It’s dark, because the office is one of the only rooms in the mansion with no windows. Therefore it’s the most secure if it were to fall under attack.
But it’s not filled with cigar smoke or that clove spice I sometimes smell in my nightmares. I suppose there are some habits Giovanni chose not to pick up.
“Lupo,” I whisper.
I need to get ahold of him before that guy comes in, before Romero catches up to us. Hopefully we’ll both be escorted back to the room without anyone getting hurt. And without involving Giovanni.
I raise my voice to a hushed demand. “Lupo, come here right now. Please.”
The door swings open behind me, sunlight bouncing off the glossy wood and spilling onto the rug in the office. Romero looks rumpled from the short run and pissed off. So much for getting on his good side.
“I’ll find him,” I say, praying he lets me handle this. Lupo has already been grumpy dealing with the walks. He’ll be even more defensive after getting cornered in here.
Romero reaches for me. “I’m putting you back in the room. Then I’ll deal with the mutt.”
Shit, this is what I was afraid of. I back up. “Wait. No.”
His eyes flash. “I have authorization to keep you in that room with force. Don’t make me use it.”
I shiver because I don’t want to imagine Giovanni giving that order. But it’s not like the locked door or the armed guard outside are particularly subtle. I’m his prisoner.
“Please,” I whisper. “I’ll get Lupo. We won’t cause trouble. Don’t tell Giovanni what happened.”
A drop of orange-yellow pierces the darkness. Giovanni is sitting in an armchair, large body reclined, one ankle slung over his leg, a lighter in his hand. The flame dances from the silver cylinder, casting eerie shadows on his face. “What shouldn’t he tell me about?”
My pulse pounds in my ears. “God, you could give a girl a heart attack.”
“I’m sorry,” Romero says, his voice clipped. “The dog got out.”
“And the girl?” Giovanni says, his voice low and liquid.
I plant a hand on my hip. “The girl is grown up. And she got out too.”
A smile in the dark, the flash of white teeth. The Cheshire cat’s smile. “Careless,” he says.
Romero swears under his breath. “It won’t happen again.”
“Leave.”
“But—”
“Now.”
Romero’s embarrassment and anger bubbles in the air behind me, and I know I’ll have to deal with him later. For now I have to deal with the man in front of me. As my eyes adjust to the dark, I see a small and trembling figure in the corner, behind an antique globe. Footsteps recede as Romero follows orders.
“I’ll just get Lupo and go.” Whatever courage I felt when I corrected Giovanni left with Romero. Now I’m alone in a room—in the room—and all I want is to leave.
“Wait.” The word is soft but clearly a command.
I wait.
He stands, still holding the lighter up. One step closer. Without thinking it through, I take a step back. We move that way, one forward, one back, until the wall stops me. This was a bad idea. Everything about this is bad, from the fact that I just moved into the shadows to the way he’s looking at me. Hungry. Starving, like he needs to devour me just to survive.
“Giovanni,” I whisper. “Let me get Lupo. We’ll leave you alone.”
His dark gaze flicks down to where my camisole doesn’t cover enough of my breasts, the orange-yellow light warming my curves. “Careless,” he says again. “What had Romero so distracted?”
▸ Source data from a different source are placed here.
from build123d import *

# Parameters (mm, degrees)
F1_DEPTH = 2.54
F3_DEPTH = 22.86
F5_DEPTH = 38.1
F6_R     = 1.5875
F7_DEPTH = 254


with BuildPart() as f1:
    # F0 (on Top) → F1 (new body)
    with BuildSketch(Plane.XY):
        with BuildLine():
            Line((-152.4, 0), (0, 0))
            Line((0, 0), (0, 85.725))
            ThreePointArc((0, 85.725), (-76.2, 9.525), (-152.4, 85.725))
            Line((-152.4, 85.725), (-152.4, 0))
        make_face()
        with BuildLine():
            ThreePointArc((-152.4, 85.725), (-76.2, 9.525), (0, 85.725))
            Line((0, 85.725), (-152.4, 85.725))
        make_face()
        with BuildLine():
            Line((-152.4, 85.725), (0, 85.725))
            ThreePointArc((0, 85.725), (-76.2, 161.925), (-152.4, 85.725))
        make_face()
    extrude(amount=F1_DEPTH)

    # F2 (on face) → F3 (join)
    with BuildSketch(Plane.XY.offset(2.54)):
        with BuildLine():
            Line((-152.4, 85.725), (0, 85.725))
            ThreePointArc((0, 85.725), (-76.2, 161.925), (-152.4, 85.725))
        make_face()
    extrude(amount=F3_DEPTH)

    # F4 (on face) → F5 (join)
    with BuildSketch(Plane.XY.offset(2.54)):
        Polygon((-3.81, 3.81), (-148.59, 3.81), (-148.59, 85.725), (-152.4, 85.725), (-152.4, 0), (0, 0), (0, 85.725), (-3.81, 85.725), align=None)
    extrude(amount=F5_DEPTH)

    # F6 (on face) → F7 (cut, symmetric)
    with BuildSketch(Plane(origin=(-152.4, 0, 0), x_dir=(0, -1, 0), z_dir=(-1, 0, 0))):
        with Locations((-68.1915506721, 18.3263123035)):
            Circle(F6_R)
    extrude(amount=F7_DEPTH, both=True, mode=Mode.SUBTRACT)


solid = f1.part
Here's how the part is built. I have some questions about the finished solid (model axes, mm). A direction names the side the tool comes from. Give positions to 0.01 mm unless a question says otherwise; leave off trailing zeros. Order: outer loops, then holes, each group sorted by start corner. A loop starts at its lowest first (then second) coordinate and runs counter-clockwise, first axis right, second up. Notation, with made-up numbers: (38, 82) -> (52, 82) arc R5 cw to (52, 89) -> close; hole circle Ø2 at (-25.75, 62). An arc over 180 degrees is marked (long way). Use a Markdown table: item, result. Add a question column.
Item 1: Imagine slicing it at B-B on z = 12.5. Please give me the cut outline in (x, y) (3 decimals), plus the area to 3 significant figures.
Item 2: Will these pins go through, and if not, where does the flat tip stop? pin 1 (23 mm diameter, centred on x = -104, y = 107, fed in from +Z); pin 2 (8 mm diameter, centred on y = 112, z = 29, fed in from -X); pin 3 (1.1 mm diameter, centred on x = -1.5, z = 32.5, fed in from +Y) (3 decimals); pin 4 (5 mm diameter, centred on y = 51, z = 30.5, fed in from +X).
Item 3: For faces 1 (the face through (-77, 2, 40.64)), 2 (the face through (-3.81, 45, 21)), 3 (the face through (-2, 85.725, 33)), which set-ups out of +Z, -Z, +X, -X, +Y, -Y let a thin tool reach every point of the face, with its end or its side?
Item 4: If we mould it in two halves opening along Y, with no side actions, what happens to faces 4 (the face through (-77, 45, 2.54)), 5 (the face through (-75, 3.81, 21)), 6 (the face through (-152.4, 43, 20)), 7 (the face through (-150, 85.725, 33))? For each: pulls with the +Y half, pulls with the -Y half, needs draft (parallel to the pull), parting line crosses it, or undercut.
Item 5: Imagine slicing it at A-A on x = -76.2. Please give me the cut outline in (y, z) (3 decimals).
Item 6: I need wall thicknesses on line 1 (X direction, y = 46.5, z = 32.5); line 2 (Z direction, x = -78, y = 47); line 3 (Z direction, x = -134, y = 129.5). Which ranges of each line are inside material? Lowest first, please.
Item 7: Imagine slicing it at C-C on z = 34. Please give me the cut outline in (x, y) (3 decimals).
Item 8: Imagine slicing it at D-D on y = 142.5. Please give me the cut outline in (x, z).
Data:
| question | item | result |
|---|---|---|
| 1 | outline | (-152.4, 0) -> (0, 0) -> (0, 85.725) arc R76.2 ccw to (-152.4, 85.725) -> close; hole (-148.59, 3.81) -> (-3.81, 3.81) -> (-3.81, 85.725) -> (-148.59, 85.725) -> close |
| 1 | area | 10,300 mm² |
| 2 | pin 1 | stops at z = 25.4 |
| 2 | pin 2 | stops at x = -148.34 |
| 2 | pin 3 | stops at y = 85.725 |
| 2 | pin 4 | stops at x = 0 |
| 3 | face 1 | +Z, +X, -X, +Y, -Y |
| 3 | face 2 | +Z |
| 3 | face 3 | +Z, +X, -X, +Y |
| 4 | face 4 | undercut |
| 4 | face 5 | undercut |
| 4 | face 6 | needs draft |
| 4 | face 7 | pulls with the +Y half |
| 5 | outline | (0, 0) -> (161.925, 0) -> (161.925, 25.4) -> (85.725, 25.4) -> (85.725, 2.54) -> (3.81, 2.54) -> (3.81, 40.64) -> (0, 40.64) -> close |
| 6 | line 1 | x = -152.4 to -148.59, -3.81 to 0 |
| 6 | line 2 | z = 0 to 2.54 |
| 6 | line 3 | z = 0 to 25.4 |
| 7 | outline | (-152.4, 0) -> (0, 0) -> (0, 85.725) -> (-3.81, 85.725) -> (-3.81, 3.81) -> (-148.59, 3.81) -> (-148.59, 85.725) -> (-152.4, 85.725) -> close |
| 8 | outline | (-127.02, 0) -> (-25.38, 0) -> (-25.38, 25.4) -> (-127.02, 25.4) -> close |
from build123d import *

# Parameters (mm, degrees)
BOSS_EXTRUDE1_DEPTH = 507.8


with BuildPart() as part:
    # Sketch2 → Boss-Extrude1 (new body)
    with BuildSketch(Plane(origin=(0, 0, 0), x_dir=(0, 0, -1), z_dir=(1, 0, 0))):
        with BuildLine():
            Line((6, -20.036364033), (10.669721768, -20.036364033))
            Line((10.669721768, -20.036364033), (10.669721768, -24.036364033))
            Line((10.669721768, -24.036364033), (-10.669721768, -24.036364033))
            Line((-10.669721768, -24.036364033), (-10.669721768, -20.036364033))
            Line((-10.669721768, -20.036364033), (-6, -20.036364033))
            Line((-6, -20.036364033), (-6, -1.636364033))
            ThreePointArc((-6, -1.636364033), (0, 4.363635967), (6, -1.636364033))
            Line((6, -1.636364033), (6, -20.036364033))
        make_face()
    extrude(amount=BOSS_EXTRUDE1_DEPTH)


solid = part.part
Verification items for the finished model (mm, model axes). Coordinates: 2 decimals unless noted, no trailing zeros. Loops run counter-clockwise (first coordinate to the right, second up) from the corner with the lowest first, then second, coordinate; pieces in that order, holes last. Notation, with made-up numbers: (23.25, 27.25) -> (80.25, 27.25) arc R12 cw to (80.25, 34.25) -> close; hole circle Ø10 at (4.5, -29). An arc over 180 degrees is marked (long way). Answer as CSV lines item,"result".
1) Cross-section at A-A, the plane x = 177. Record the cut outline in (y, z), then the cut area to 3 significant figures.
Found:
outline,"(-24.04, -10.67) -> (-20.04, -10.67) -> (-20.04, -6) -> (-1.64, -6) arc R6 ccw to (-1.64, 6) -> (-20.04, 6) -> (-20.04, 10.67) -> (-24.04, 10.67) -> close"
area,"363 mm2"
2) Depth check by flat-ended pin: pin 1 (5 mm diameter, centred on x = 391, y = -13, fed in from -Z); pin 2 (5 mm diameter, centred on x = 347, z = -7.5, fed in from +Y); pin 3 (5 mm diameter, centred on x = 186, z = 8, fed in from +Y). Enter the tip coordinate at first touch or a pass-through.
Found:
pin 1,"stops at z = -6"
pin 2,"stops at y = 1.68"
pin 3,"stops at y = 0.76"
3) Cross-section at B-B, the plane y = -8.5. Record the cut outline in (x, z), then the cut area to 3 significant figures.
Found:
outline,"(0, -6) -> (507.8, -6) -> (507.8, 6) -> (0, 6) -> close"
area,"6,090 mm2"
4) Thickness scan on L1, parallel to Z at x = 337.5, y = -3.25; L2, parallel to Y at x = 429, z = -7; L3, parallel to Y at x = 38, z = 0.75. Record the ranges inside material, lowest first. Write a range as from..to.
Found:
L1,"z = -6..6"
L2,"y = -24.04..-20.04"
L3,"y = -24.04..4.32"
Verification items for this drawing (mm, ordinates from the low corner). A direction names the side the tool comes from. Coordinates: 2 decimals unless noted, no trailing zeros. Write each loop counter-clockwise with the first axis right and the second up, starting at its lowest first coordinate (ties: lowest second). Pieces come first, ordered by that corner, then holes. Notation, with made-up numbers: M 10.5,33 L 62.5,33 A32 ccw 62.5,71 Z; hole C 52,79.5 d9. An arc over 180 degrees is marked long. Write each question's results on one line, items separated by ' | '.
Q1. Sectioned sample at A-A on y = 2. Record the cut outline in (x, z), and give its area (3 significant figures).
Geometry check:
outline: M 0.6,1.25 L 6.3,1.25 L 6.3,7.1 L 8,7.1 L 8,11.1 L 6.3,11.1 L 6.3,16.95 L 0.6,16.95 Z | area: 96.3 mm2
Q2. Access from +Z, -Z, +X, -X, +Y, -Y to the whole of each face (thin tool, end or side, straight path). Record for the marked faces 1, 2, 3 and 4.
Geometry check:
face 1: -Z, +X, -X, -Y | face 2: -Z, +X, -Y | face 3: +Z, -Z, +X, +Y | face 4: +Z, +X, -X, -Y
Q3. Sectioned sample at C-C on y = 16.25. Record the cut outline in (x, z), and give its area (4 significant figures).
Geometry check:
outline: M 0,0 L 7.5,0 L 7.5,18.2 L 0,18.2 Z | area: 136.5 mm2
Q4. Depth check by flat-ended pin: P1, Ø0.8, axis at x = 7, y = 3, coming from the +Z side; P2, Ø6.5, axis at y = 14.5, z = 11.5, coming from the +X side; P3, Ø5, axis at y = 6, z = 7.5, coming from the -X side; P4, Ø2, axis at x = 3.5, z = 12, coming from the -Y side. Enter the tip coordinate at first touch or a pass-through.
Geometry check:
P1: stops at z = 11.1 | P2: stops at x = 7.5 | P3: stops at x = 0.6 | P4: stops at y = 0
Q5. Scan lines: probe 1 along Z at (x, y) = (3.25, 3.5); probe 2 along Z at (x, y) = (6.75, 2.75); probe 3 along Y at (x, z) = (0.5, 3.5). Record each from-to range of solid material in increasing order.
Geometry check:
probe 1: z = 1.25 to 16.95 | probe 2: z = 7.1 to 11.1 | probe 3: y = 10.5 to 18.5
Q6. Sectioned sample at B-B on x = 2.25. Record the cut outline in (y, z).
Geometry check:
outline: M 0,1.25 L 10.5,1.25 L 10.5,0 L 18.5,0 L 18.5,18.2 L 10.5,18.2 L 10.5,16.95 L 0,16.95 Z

The way he says it, he knows. He may not know that I was teasing Romero deliberately, trying to soften him up so he’d help me. But he knows exactly what Romero was looking at when Lupo escaped.
They’re a distraction, but I need a different kind of distraction right now. “What did Romero do wrong that you assigned him to dog walking?”
“It’s more what he didn’t do.”
I can’t forget how quickly Romero spoke out against Giovanni. It’s something I might be able to use to my advantage, but it’s also dangerous for Giovanni. I suspect he knows that. It’s a little hard for Romero to plan a coup if he never leaves the mansion. “Friends close and enemies closer, is that it?”
He makes an approving sound. “You understand the life.”
Anger flashes inside me. “I understand it, but I don’t want it. You have no right to force it on me.”
“That’s just it, bella. Force gives me the right to do anything I want.”
Fear quickens my heartbeat—fear and something else. Something like anticipation. It must be muscle memory, except the muscle in question is my heart. It remembers that it loves him, even if it shouldn’t. That’s the only explanation for how I can still want a man who holds me against my will.
A flick of his thumb and the lighter shuts off, plunging us into darkness. The door is still open, drawing a prism of saturated light, but backed into the wall, it’s completely black.
“It gives me the right to keep you here,” he says, his breath soft against my forehead. Then his hands are closing around my wrists, lifting them above my head.